Run the opt-in benchmark locally with:

pnpm moon run pubsub:benchmark

The benchmark is not a dependency of build, test, conformance, or the load test. It runs shared transport-neutral benchmark scenarios through the Kafka adapter so later RabbitMQ and NATS adapters can publish comparable results. Each scenario is measured on both a cold path and a warmed-up path.
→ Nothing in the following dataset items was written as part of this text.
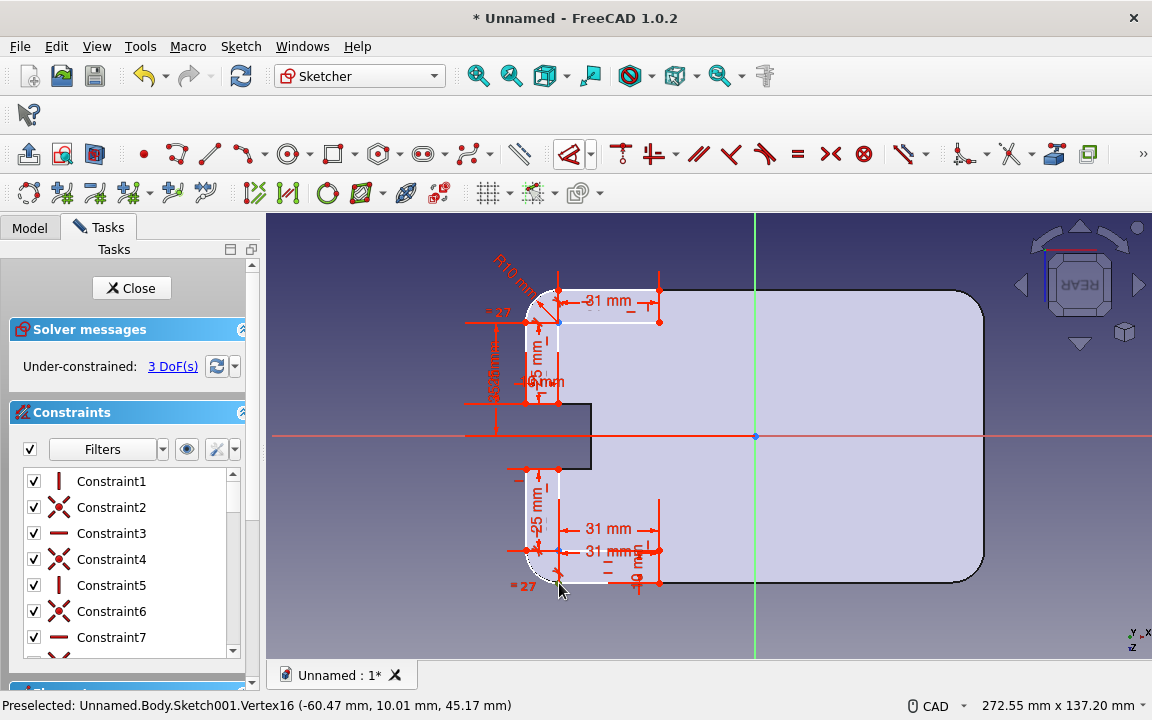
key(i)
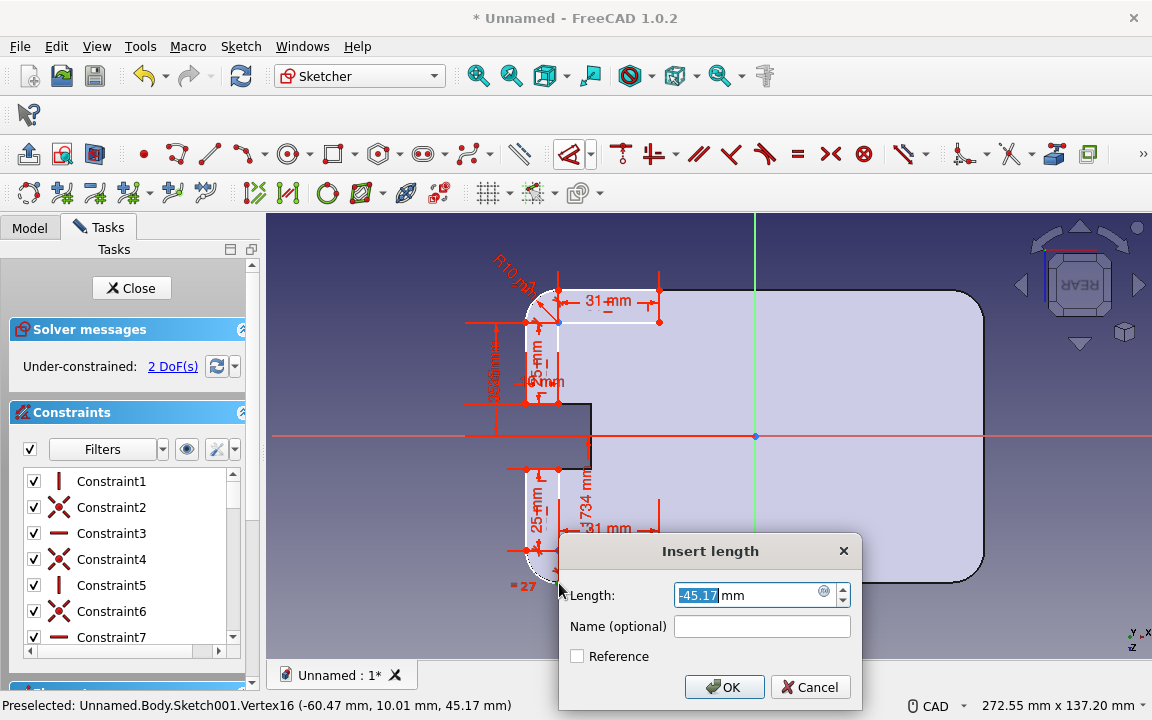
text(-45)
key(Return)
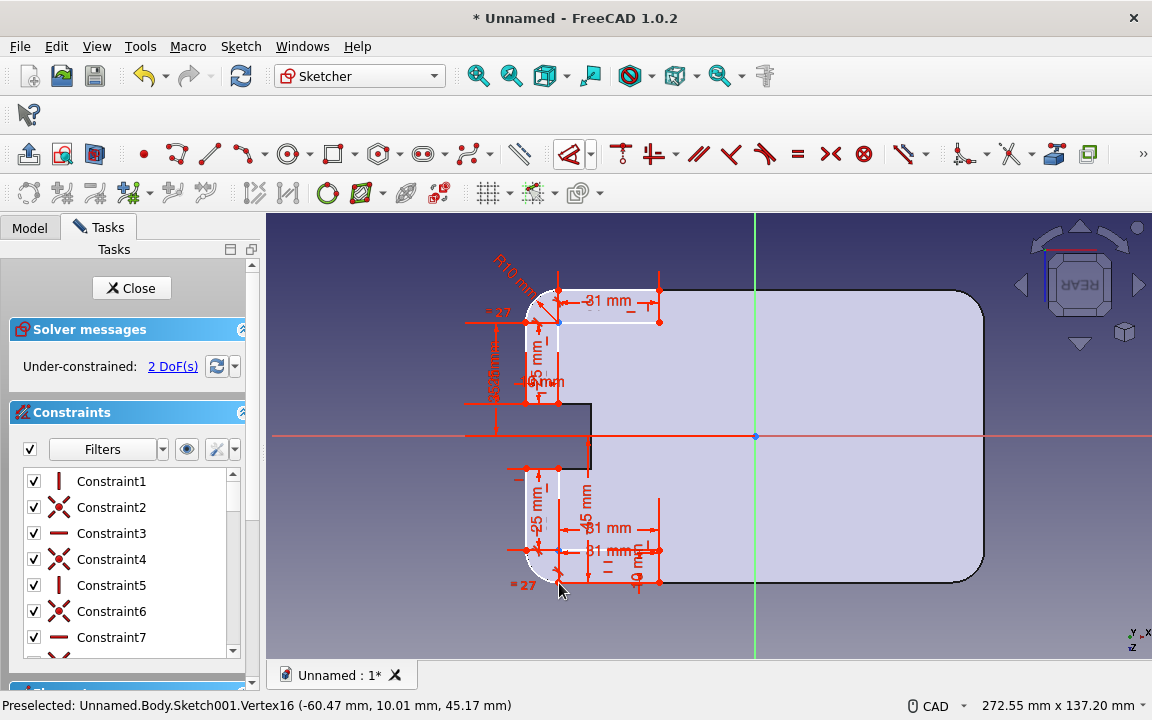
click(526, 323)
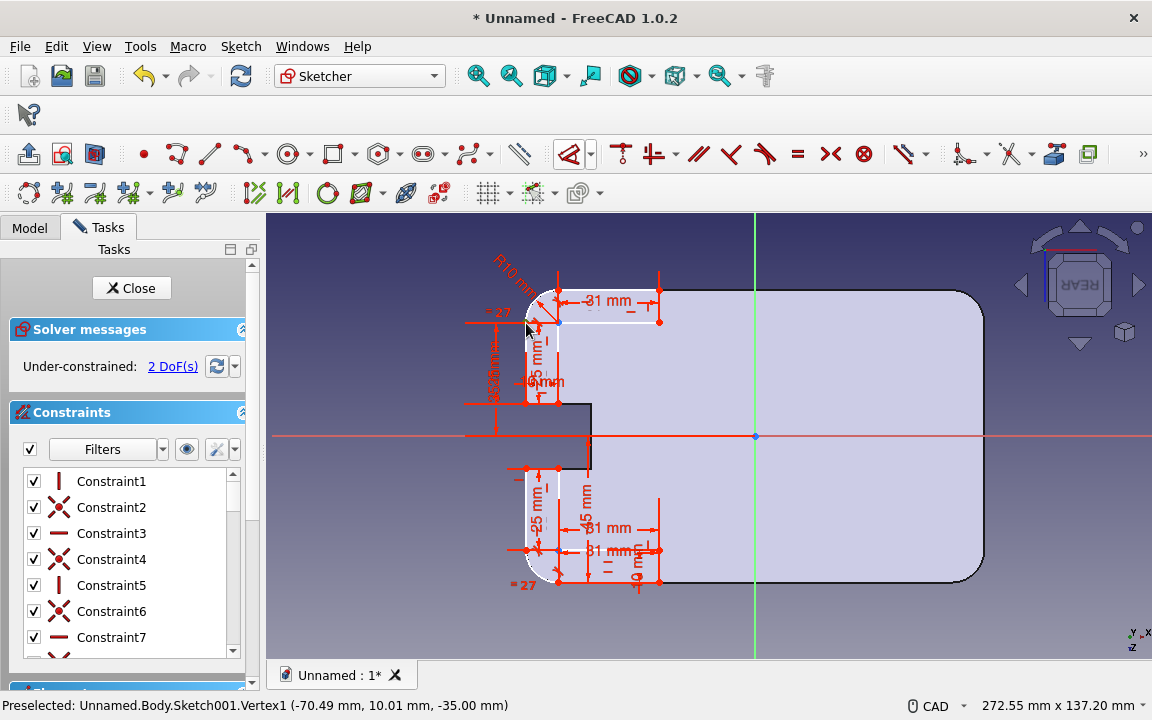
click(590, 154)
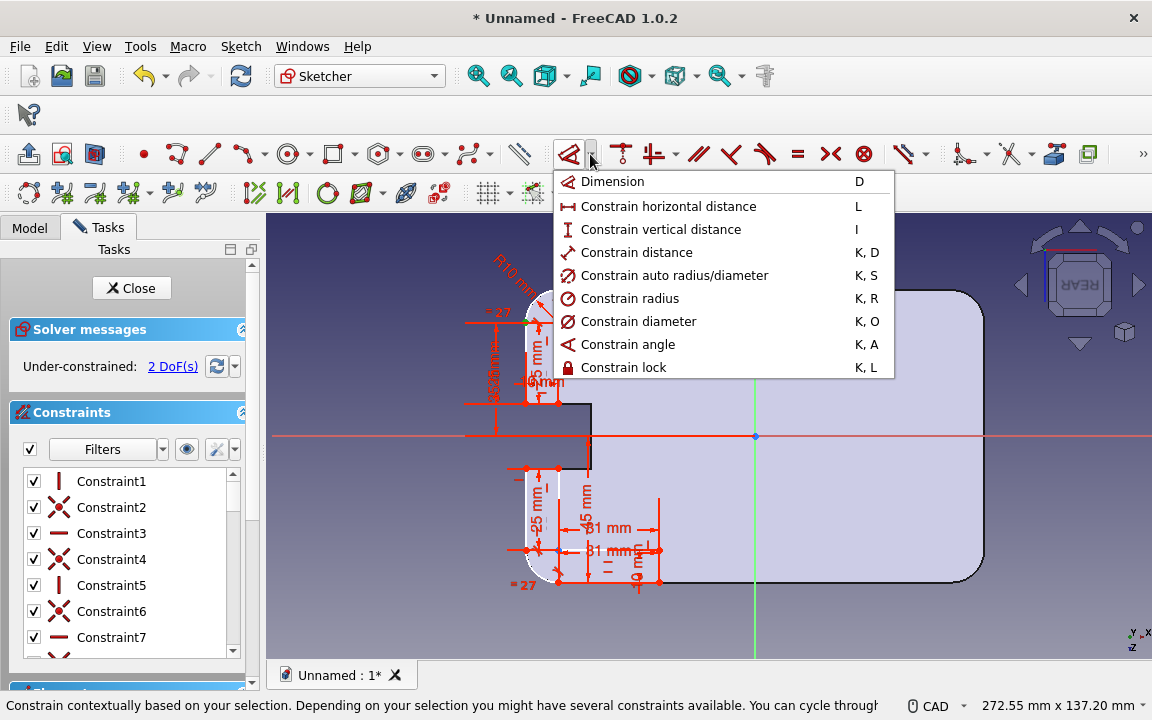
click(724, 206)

Benchmark output is printed as a Markdown table and written to the package-level BENCHMARK.md:

| Transport | Scenario | Mode | Messages | Publish Concurrency | Subscribe Concurrency | Duration ms | Msg/s | p50 ms | p95 ms | p99 ms | Duplicates |
| --- | --- | --- | ---: | ---: | ---: | ---: | ---: | ---: | ---: | ---: | ---: |
| kafka | immediate publish/consume | cold start | 1000 | 50 | 32 | 3319 | 301.21 | 3089.44 | 3209.61 | 3222.48 | 0 |
| kafka | immediate publish/consume | warmed up | 1000 | 50 | 32 | 412 | 2427.18 | 14.82 | 21.45 | 26.90 | 0 |
| kafka | scheduled publish/consume (scheduler only) | warmed up | 1000 | 50 | 32 | 615 | 1626.02 | 29.10 | 41.55 | 48.20 | 0 |

Configure the run with environment variables:

Variable	Default	Description
`PUBSUB_BENCHMARK_EVENT_COUNT`	`1000`	Number of events per benchmark scenario.
`PUBSUB_BENCHMARK_PUBLISH_CONCURRENCY`	`50`	Concurrent publish calls.
`PUBSUB_BENCHMARK_SUBSCRIBE_CONCURRENCY`	`32`	Requested subscriber concurrency.
`PUBSUB_BENCHMARK_NOT_BEFORE_MS`	`1000`	Delay before scheduled delivery in the scheduled scenario.
`PUBSUB_BENCHMARK_SCHEDULER_ONLY_NOT_BEFORE_MS`	`0`	Delay before scheduled delivery in the scheduler-only scenario.
`PUBSUB_BENCHMARK_TIMEOUT_MS`	`120000`	Per-scenario delivery timeout.
`PUBSUB_BENCHMARK_TEST_TIMEOUT_MS`	`300000`	Vitest timeout for the benchmark file.

Example shorter smoke run:

PUBSUB_BENCHMARK_EVENT_COUNT=100 pnpm moon run pubsub:benchmark

Benchmark methodology and interpretation notes live in BENCHMARK.md.

Production Checklist

For a production Kafka deployment:

provision scheduler topics with compaction, unlimited schedule retention, adequate partitions, and adequate replication
configure deadLetterTopic
set router.subscribe({ maxAttempts })
make handlers idempotent; delivery is durable and at least once, not exactly once
wire interceptors into logs or metrics
run pnpm moon run pubsub:load-test at an event count that reflects expected traffic
run pnpm moon run pubsub:benchmark when publishing throughput and latency numbers
configure Confluent client authentication, TLS, timeouts, retries, and broker settings outside the transport-neutral API

Kafka-specific tuning such as brokers, TLS, SASL, offsets, partitions, and group behavior belongs in the Confluent client configuration passed to this transport, not in the transport-neutral pubsub core.